World GDP will grow an average 3.1%/year through 2030, driving oil demand from the current 84 million barrels/day to 103 million b/d. That means we will have to find the equivalent of six Saudi Arabia’s to fill the gap or prices are going up a lot. His ultra conservative target has crude at $190/barrel in twenty years, and his high priced scenario would send you rushing for a change of fresh underwear.
Some 39% of that increase in demand will come from China and 15% from India. A collapse in investment caused by the financial crisis last year means that supply can’t recover in time to avoid another price spike. More than 1.5 billion people today don’t have electricity at all, but would love to have it. The best the Copenhagen climate negotiations can hope for is for CO2 to rise until 2020, and then plateau after that, because once this greenhouse gas enters the atmosphere it is very hard to get out. It would take 100 years of natural decay to get CO2 levels back to where they were just 20 years ago.
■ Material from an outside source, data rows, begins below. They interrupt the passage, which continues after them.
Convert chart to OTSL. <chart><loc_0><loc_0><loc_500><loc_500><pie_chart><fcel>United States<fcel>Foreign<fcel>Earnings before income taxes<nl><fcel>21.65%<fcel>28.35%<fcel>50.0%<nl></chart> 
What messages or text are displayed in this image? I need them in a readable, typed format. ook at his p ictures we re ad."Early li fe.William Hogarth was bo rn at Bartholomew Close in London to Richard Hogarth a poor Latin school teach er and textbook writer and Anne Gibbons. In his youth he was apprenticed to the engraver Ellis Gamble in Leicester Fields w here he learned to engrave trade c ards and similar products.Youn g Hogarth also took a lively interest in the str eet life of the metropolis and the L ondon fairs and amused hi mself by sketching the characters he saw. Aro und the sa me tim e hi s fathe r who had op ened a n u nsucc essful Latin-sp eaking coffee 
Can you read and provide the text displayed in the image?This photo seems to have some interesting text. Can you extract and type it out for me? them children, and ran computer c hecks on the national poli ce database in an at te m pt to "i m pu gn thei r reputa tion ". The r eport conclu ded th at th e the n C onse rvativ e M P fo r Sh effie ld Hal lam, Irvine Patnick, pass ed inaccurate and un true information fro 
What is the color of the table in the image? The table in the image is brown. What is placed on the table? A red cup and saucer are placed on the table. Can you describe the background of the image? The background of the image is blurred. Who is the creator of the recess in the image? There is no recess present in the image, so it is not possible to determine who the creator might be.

This will require a massive decarbonization effort reliant on nuclear, hydro, alternatives, and carbon capture and storage. Up to half of the needed carbon reduction can be achieved through simple efficiency measures, like ditching the incandescent light bulb, driving more hybrids, and closing dirty, old coal fired power plants. Natural gas will be a vital bridge, as it is cheap, in abundant supply, and emits only half the carbon of traditional fossil fuels.
The total 20 year bill for the rebuilding of our new energy infrastructure will exceed $10 trillion. Each year we kick the can down the road, this price tag rises by $500 billion. Now you know why I spend so much time on energy research.
Richard, who comes from a diplomatic career in Kuwait, Kazakhstan, and Israel, certainly didn’t pull any punches during my extended interview with him. I have been a huge fan of the IEA’s data base and forecasts since their inception. Better use the current weakness in oil prices to accumulate long term positions in crude through the futures (LOH10), the ETF (USO), the offshore drilling companies like Transocean (RIG), and leveraged oil and gas plays like Chesapeake Energy (CHK) and Devon Energy (DVN). When oil comes back, it will do so with a vengeance.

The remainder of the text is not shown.